Matthew surprised her. "I agree completely. What happened tonight is up to Jacob and the farmers to resolve. Any involvement we have with that conversation risks changing our entire relationship with the farmers."

"I've already instructed our people not to talk about it," said James. "They're writing down what they know, though."

"And what will we do with Jacob?" asked Alice.

"We can treat him in the upstairs hospital. From Martha's report, he's going to need surgery and a lot of antibiotics, but maybe the cold water kept him from bleeding to death. We're already lining up blood donors, and the upstairs surgery is ready."

Catherine started. "Has Martha used any - "

"Medicines for citizens only? Yes, she did. I authorized it," said Matthew.

"That makes two farmers in the past week, with John," said Catherine. "I hope this doesn't become a trend."
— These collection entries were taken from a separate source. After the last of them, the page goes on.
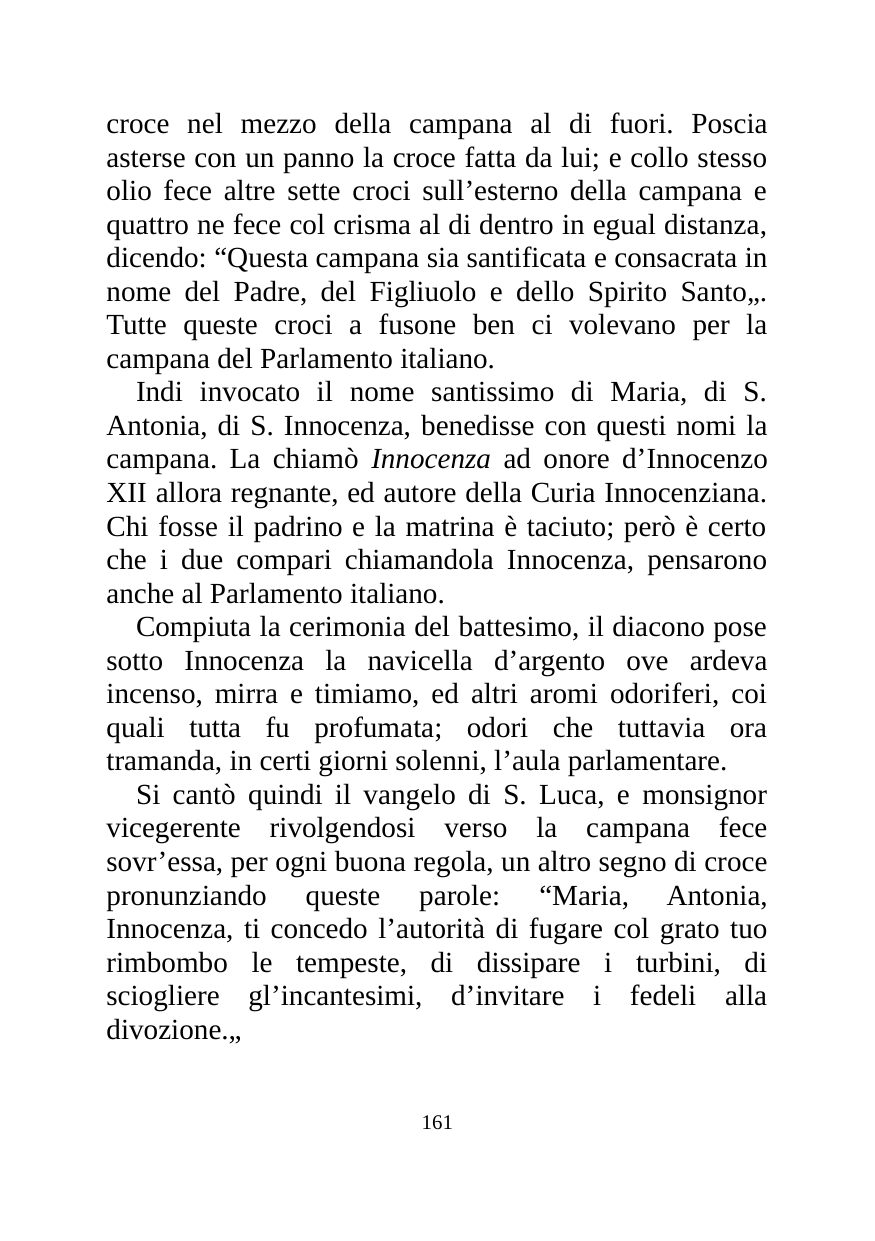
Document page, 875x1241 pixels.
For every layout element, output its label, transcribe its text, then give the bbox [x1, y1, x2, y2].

text croce nel mezzo della campana al di fuori. Poscia asterse con un panno la croce fatta da lui; e collo stesso olio fece altre sette croci sull’esterno della campana e quattro ne fece col crisma al di dentro in egual distanza, dicendo: “Questa campana sia santificata e consacrata in nome del Padre, del Figliuolo e dello Spirito Santo„. Tutte queste croci a fusone ben ci volevano per la campana del Parlamento italiano. [106, 106, 768, 374]
text Si cantò quindi il vangelo di S. Luca, e monsignor vicegerente rivolgendosi verso la campana fece sovr’essa, per ogni buona regola, un altro segno di croce pronunziando queste parole: “Maria, Antonia, Innocenza, ti concedo l’autorità di fugare col grato tuo rimbombo le tempeste, di dissipare i turbini, di sciogliere gl’incantesimi, d’invitare i fedeli alla divozione.„ [106, 777, 768, 1045]
text Compiuta la cerimonia del battesimo, il diacono pose sotto Innocenza la navicella d’argento ove ardeva incenso, mirra e timiamo, ed altri aromi odoriferi, coi quali tutta fu profumata; odori che tuttavia ora tramanda, in certi giorni solenni, l’aula parlamentare. [106, 609, 768, 777]
text Indi invocato il nome santissimo di Maria, di S. Antonia, di S. Innocenza, benedisse con questi nomi la campana. La chiamò Innocenza ad onore d’Innocenzo XII allora regnante, ed autore della Curia Innocenziana. Chi fosse il padrino e la matrina è taciuto; però è certo che i due compari chiamandola Innocenza, pensarono anche al Parlamento italiano. [106, 374, 768, 609]

"We don't have any other exiles out there likely to return, Catherine," said Matthew, "and Jacob's case seems, well, unique."


Isaac told the elders what he could of Jacob's story.

"When they vanished, did Jacob say anything?" asked Leah.

"Not that I could hear," said Isaac. "The raider shouted something, but I don't know what he said. In the dark, it took us a minute to figure out that they were really gone, and a few more minutes before we felt it probably wasn't a trick."

"Could you tell if the raider pulled Jacob with him?" asked Daniel.

"No," replied Isaac. "I could barely make out where they were standing."

"Thank you, Isaac. Could you return to the prison and see if they need help?" ordered Leah.

Isaac left the conference room. The elders lowered their heads and sat in silence.


Martha and Miriam finally had Jacob lashed to the body board, and the citizens were ready to pull him up. They balanced the board carefully, and Martha signaled on the radio that they were ready. Jacob ascended slowly but steadily, and they could see hands reach out to pull the stretcher toward the edge of the ravine.

"And him?" asked Miriam.

"They'll be sending out another stretcher for him. "It made the most sense to focus on Jacob first."

"Can I go with Jacob?"

"Of course - he'll be in the hospital, as usual. They're getting everything ready for him now."

Miriam sat on the bank, weeping again. Martha comforted her until the next stretcher came down into the ravine.